Some thoughts, feel free to refute them with proof, reasonable arguments, nunchucks, etc.

The current drilling moratorium is a joke, alright? Not in theory, but in practice.

1) It takes six months for “the commission to determine how to prevent this from ever happening again?” Arbitrary duration and a poorly-stated goal. The way to prevent this from happening again is known. But it’s going to take a lot more than six months, given the pace at which the federal government moves, to enforce and measure real behavior change that should come from within a given company, set up a verifiable and analyzable flow of data between the company and the MMS, remove the conflicts of interest between energy companies and the MMS and revamp the regulatory agency in any lasting fashion.

2) Not all oil companies are the same. Other players will already have increased safety measures in a hurry. Even if they have not, what is going to happen in six months to change standard operating procedure? What are we doing to address the smaller leakers? If the goal here is “to prevent this from happening again,” can we get a guarantee that this oil spill or even a smaller version of it will never happen again IN SIX MONTHS TIME?

3) I guarantee you that someone has done a tremendous amount of market research on behalf of the government that by the six-month mark, the public will have softened its stance on drilling enough for things to go back to business as usual.
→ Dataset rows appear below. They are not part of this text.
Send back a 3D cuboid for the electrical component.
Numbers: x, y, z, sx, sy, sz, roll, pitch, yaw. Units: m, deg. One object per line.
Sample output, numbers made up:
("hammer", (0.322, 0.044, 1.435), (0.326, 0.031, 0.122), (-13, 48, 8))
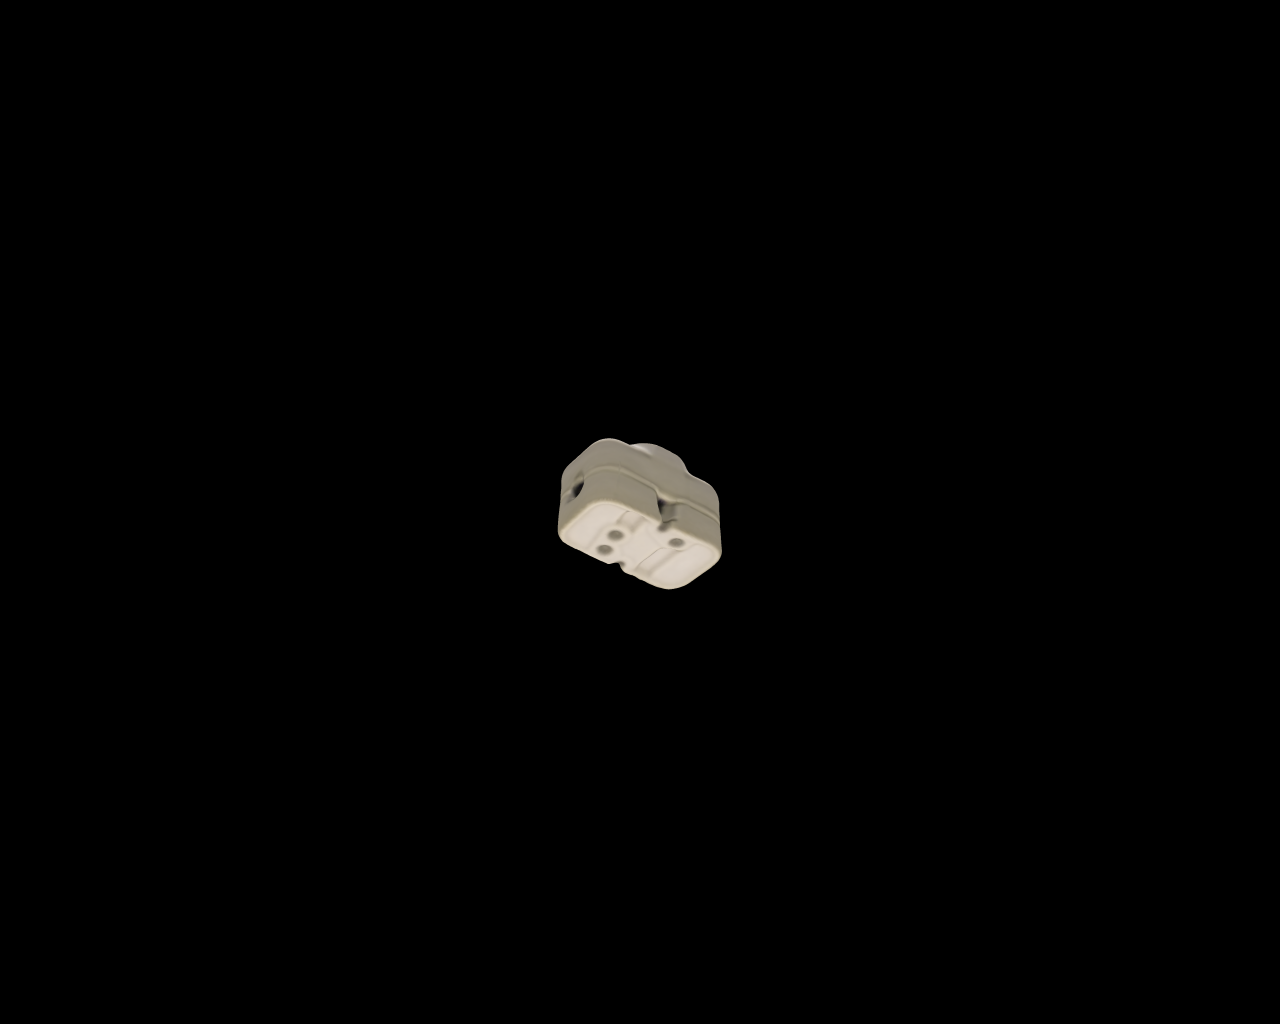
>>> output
("electrical component", (0.001, -0.003, 0.650), (0.095, 0.059, 0.053), (25, -45, -28))
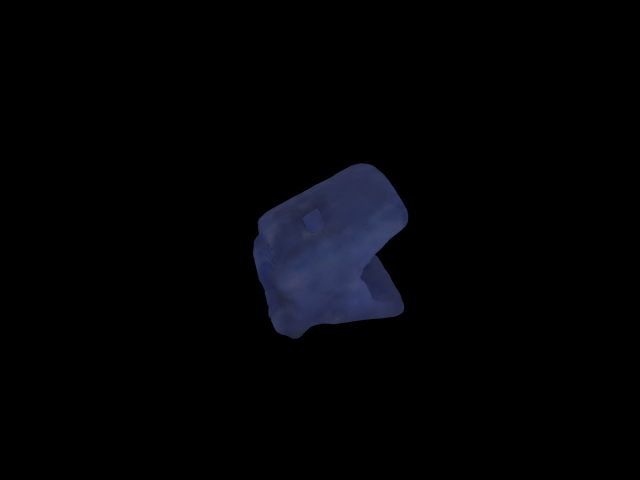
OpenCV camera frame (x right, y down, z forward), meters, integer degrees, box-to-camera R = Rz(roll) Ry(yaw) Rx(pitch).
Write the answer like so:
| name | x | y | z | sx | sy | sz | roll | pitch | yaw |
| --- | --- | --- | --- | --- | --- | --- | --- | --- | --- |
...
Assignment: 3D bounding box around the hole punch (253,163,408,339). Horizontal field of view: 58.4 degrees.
| name | x | y | z | sx | sy | sz | roll | pitch | yaw |
| --- | --- | --- | --- | --- | --- | --- | --- | --- | --- |
| hole punch | 0.004 | 0.001 | 0.400 | 0.101 | 0.091 | 0.108 | -6 | 28 | -11 |
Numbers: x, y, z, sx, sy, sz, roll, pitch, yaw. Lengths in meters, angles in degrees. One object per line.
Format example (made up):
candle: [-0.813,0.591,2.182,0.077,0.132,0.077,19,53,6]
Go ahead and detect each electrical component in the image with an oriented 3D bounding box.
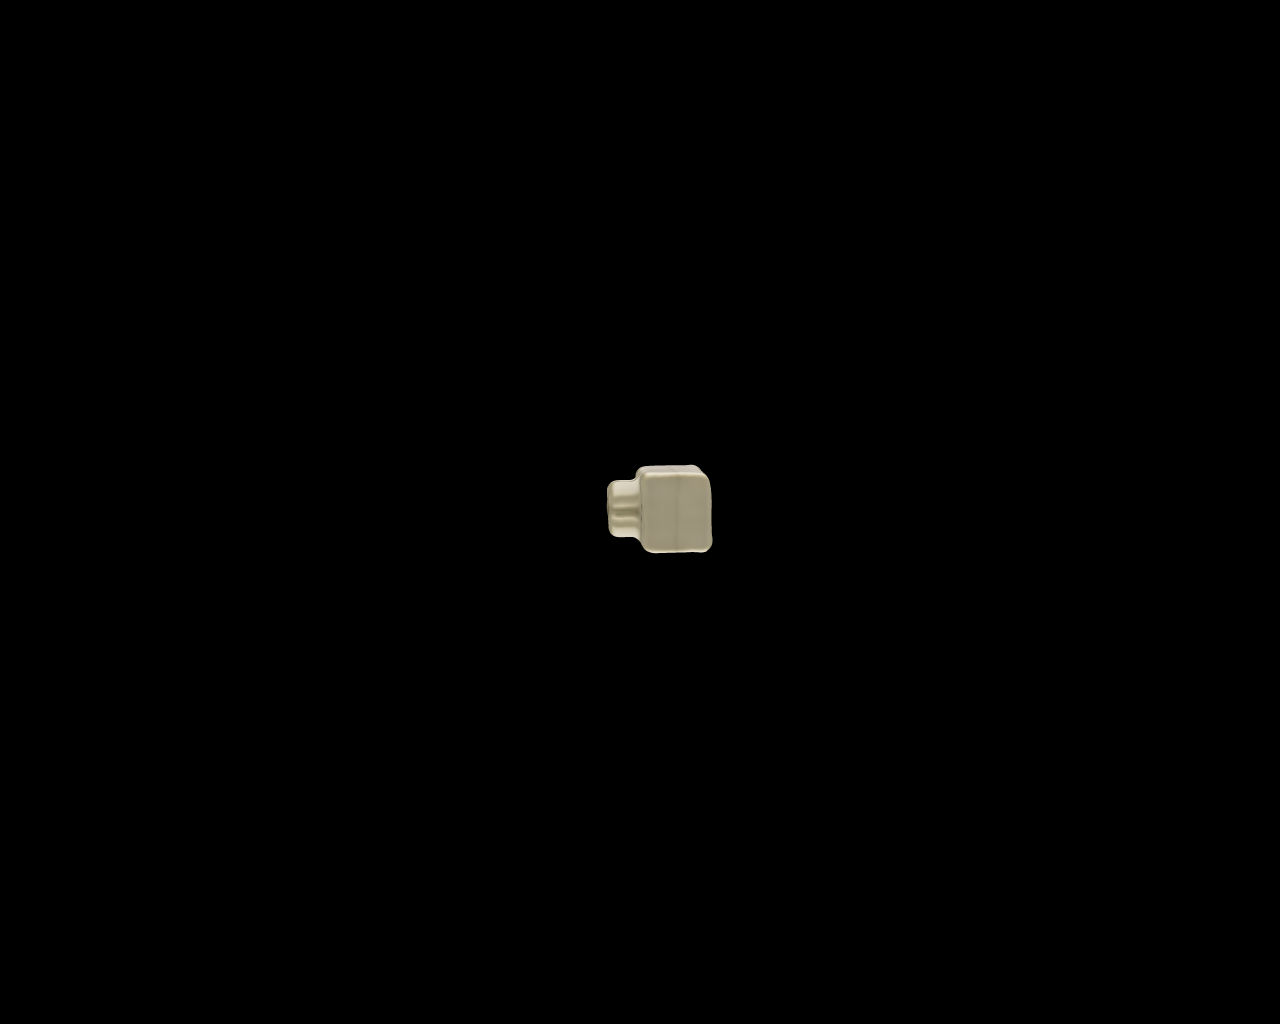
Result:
electrical component: [0.001,-0.003,0.650,0.077,0.047,0.066,0,7,-4]
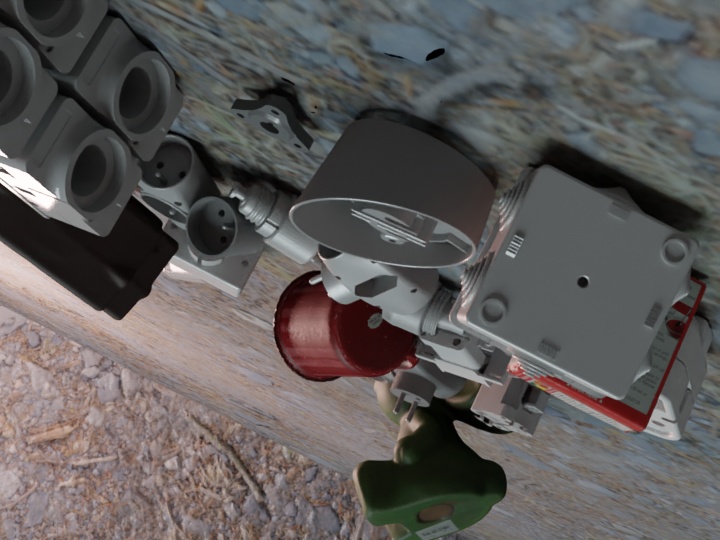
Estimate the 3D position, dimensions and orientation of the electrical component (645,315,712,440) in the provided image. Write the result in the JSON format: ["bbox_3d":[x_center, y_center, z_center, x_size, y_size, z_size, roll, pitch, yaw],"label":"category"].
[{"bbox_3d":[0.171,0.055,0.636,0.054,0.059,0.095,19,163,28],"label":"electrical component"}]

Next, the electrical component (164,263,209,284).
[{"bbox_3d":[-0.156,-0.010,1.010,0.043,0.043,0.081,36,163,-31],"label":"electrical component"}]

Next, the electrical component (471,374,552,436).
[{"bbox_3d":[0.123,0.095,0.850,0.042,0.063,0.081,36,163,-29],"label":"electrical component"}]

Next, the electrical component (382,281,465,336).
[{"bbox_3d":[0.050,0.028,0.786,0.062,0.043,0.043,23,165,13],"label":"electrical component"}]

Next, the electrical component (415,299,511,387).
[{"bbox_3d":[0.080,0.053,0.826,0.081,0.042,0.063,15,158,36],"label":"electrical component"}]

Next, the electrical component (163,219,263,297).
[{"bbox_3d":[-0.128,-0.021,0.917,0.083,0.047,0.075,27,165,-3],"label":"electrical component"}]

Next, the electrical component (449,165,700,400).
[{"bbox_3d":[0.102,0.006,0.516,0.100,0.099,0.048,27,179,0],"label":"electrical component"}]

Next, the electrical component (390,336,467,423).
[{"bbox_3d":[0.051,0.093,0.937,0.043,0.079,0.077,5,154,44],"label":"electrical component"}]

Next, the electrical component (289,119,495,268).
[{"bbox_3d":[0.020,-0.035,0.580,0.099,0.064,0.099,25,165,7],"label":"electrical component"}]

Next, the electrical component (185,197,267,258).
[{"bbox_3d":[-0.088,-0.033,0.793,0.043,0.043,0.081,21,-168,22],"label":"electrical component"}]

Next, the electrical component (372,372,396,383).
[{"bbox_3d":[0.006,0.068,0.998,0.077,0.044,0.079,9,158,49],"label":"electrical component"}]

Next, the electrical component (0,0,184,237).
[{"bbox_3d":[-0.178,-0.107,0.596,0.060,0.105,0.186,20,164,25],"label":"electrical component"}]

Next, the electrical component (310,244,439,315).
[{"bbox_3d":[0.000,0.000,0.744,0.079,0.043,0.077,-25,132,37],"label":"electrical component"}]

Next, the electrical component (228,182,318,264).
[{"bbox_3d":[-0.056,-0.036,0.756,0.078,0.040,0.040,32,164,-19],"label":"electrical component"}]

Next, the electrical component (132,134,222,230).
[{"bbox_3d":[-0.147,-0.069,0.791,0.079,0.044,0.077,23,165,16],"label":"electrical component"}]

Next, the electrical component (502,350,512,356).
[{"bbox_3d":[0.122,0.039,0.673,0.078,0.058,0.057,9,154,48],"label":"electrical component"}]

It’s a nice round we’ve-all-done-enough-penance number.

Yes, you heard me right earlier. The way to prevent this from happening again is known. There are folks opposed to and for offshore drilling who say that we can never prevent a recurrence and therefore we should stop drilling or continue to drill, respectively. But, this was no mere accident. An accident happens when you follow all the rules of the road and external, heretofore-unknown circumstances conspire against you. In this case, the driver didn’t have the seatbelt on, the tires were under-inflated, the brakes were non-operational but no one had bothered to check them and the car was driven anyway even after passengers expressed concern and asked for the handover of keys. (Hey, if folks in the industry are going to liken this ongoing disaster to a car accident or plane crash, you can bet I will run miles with the metaphor.) So, this much is absolutely preventable.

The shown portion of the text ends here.